Traditional department store retailers looking to bolster traffic in their physical stores may want to fix their sights on men, who prefer shopping at full-price retailers over online, according to the latest “retail disruption” analysis and consumer survey by First Insight Inc.
The survey also revealed that men are not fond of shopping on a mobile device as compared to women. And when it comes to buying on Amazon, men do so less frequently than women. “Only 22 percent of male respondents reported frequently shopping on mobile devices compared to 40 percent of women, and only 46 percent of men are frequently shopping on Amazon versus 60 percent of women,” the report noted.
The survey of 1,000 consumers, showed that more women (54 percent) subscribe to Amazon Prime than men (43 percent).
“The study points to a significant gender gap between how men and women shop and make purchase decisions as the retail industry responds to disruptors such as mobile shopping, Amazon, discount retail and artificial intelligence,” said researchers at First Insight, which offers technology aimed at helping brands and retailers increase conversions and sell at higher price points.
Greg Petro, chief executive officer and founder of First Insight, said the data has “unearthed a significant gender gap between how men and women shop and make purchase decisions.

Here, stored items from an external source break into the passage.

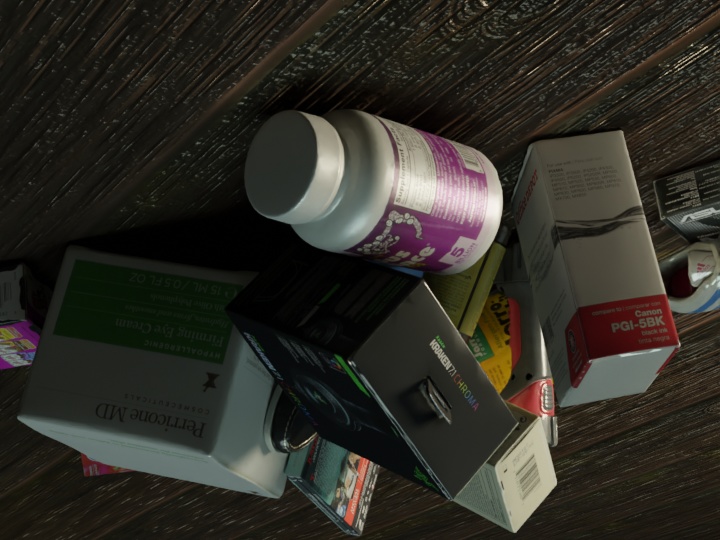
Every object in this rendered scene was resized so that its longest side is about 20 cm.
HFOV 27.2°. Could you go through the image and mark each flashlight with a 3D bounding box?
[{"bbox_3d":[0.157,0.075,1.469,0.067,0.201,0.068,-3,176,-8],"label":"flashlight"}]

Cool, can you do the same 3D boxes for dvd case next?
[{"bbox_3d":[-0.017,0.170,1.498,0.022,0.146,0.200,8,158,21],"label":"dvd case"}]

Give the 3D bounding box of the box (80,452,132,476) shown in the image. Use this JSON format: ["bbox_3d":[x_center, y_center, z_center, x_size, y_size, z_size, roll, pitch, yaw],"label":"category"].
[{"bbox_3d":[-0.275,0.162,1.694,0.095,0.100,0.200,-4,160,-10],"label":"box"}]

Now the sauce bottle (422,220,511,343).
[{"bbox_3d":[0.075,0.042,1.364,0.065,0.200,0.065,23,176,2],"label":"sauce bottle"}]

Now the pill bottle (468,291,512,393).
[{"bbox_3d":[0.142,0.085,1.553,0.200,0.113,0.113,-25,160,-3],"label":"pill bottle"}]

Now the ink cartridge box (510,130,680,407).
[{"bbox_3d":[0.199,0.000,1.287,0.083,0.201,0.147,-9,161,-6],"label":"ink cartridge box"}]

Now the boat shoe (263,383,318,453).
[{"bbox_3d":[-0.014,0.093,1.369,0.060,0.200,0.074,19,143,31],"label":"boat shoe"}]

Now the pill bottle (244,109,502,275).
[{"bbox_3d":[0.010,-0.064,1.170,0.200,0.113,0.112,12,152,-43],"label":"pill bottle"}]

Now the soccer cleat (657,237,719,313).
[{"bbox_3d":[0.359,-0.003,1.395,0.200,0.070,0.086,-21,156,37],"label":"soccer cleat"}]

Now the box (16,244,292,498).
[{"bbox_3d":[-0.170,0.096,1.371,0.198,0.172,0.200,9,165,18],"label":"box"}]

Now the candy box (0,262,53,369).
[{"bbox_3d":[-0.392,0.055,1.417,0.199,0.061,0.136,-10,160,3],"label":"candy box"}]

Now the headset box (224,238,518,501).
[{"bbox_3d":[0.012,0.080,1.222,0.200,0.093,0.174,18,149,52],"label":"headset box"}]

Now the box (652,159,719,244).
[{"bbox_3d":[0.401,-0.068,1.400,0.200,0.048,0.193,-17,160,25],"label":"box"}]

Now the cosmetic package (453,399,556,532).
[{"bbox_3d":[0.082,0.158,1.421,0.200,0.073,0.104,25,146,38],"label":"cosmetic package"}]

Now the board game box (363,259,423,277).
[{"bbox_3d":[0.000,0.000,1.451,0.199,0.039,0.158,-7,161,-24],"label":"board game box"}]

These new disruptive technologies and the growth of discount retailers are making the majority of shoppers more price-sensitive. The fact that men are less inclined to shop online overall and prefer to go in-store is a significant finding, particularly as retailers consider how to align their in-store selection and pricing to meet consumer appetites.”
Other notable findings of the report include that 44 percent of men surveyed cite “being able to touch and feel a product as a main driver that takes them in-store.” This compares to 33 percent of women respondents. The poll also showed that 42 percent of male respondents are “much more likely” to shop at a full-priced retailer over discount retailers (18 percent). This compares to 38 percent of women who prefer discounters over full-price retailers at 31 percent.